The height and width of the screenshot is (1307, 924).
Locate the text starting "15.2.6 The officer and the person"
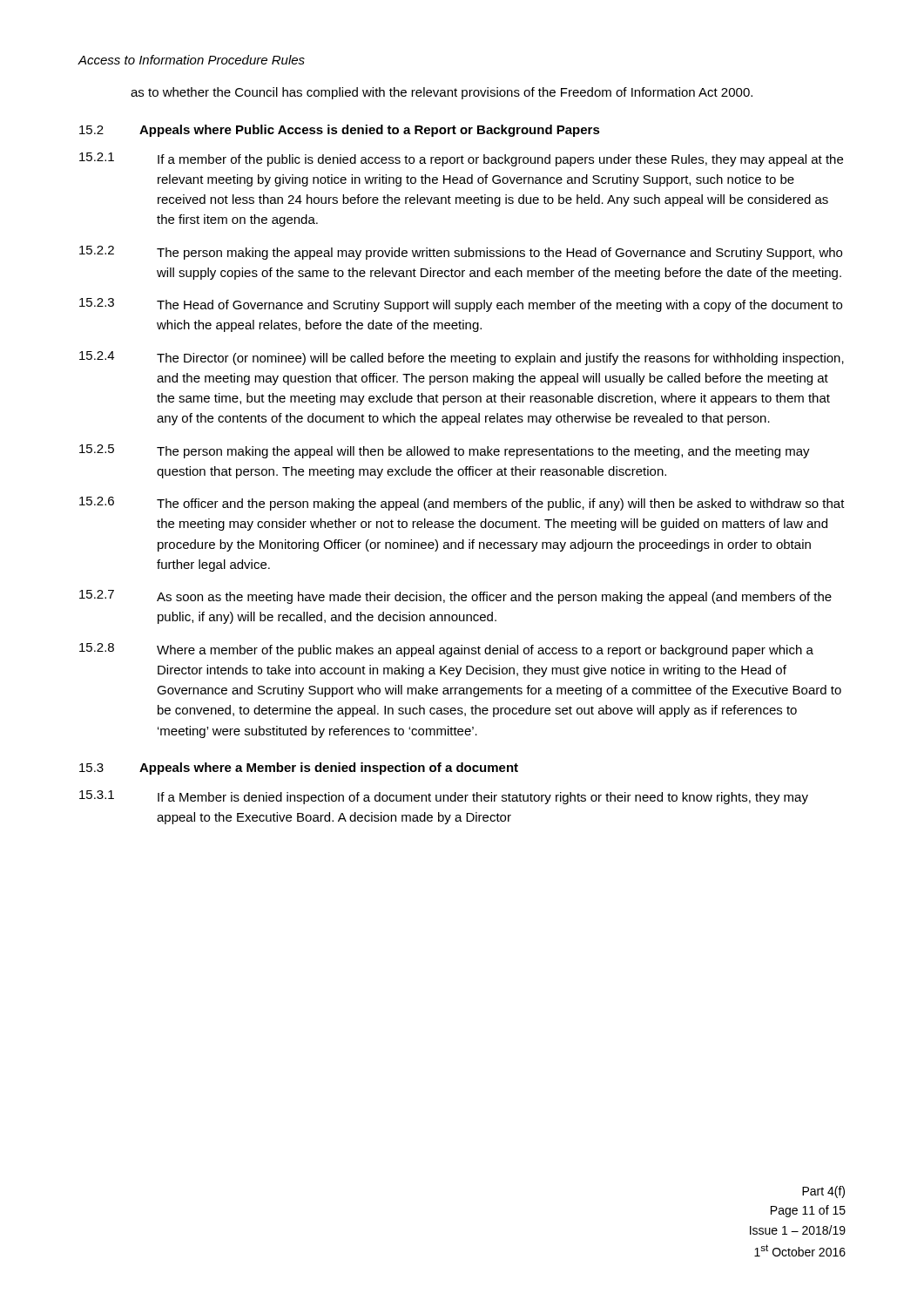(x=462, y=534)
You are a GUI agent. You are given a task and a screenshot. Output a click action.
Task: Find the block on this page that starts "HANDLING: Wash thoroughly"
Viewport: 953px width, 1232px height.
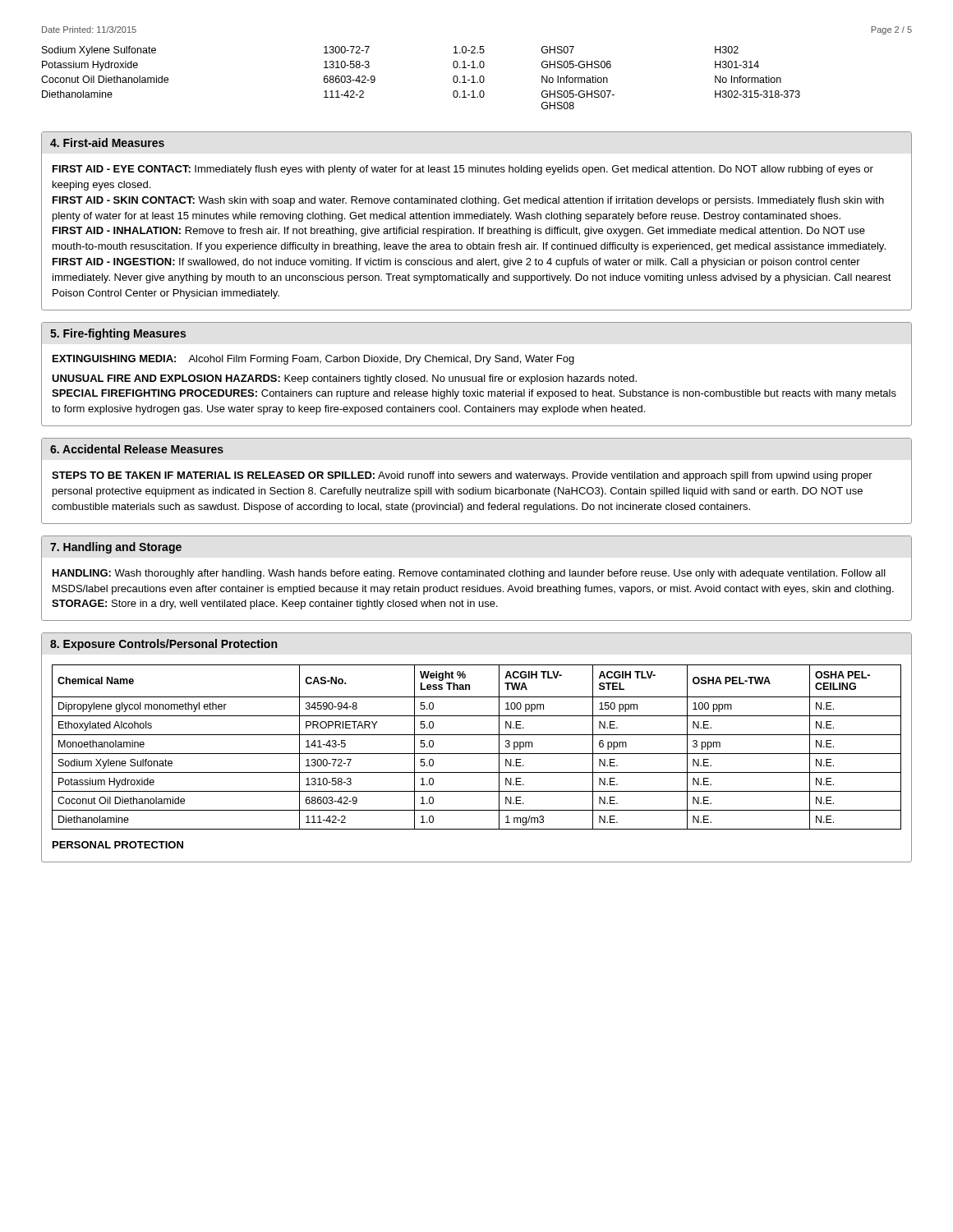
------
## Exercise brief
All lines of the records containing "screenshot" should be shown.

## Response
The height and width of the screenshot is (1307, 924).
You are a GUI agent. You are given a task and a screenshot. Output a click action.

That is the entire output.